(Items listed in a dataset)
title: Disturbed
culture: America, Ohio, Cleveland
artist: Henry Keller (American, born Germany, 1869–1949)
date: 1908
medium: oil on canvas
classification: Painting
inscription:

→ **Task directions**
Could you retype each record exactly as it appears?

→ **Answer to this task**
title: Disturbed
culture: America, Ohio, Cleveland
artist: Henry Keller (American, born Germany, 1869–1949)
date: 1908
medium: oil on canvas
classification: Painting
inscription:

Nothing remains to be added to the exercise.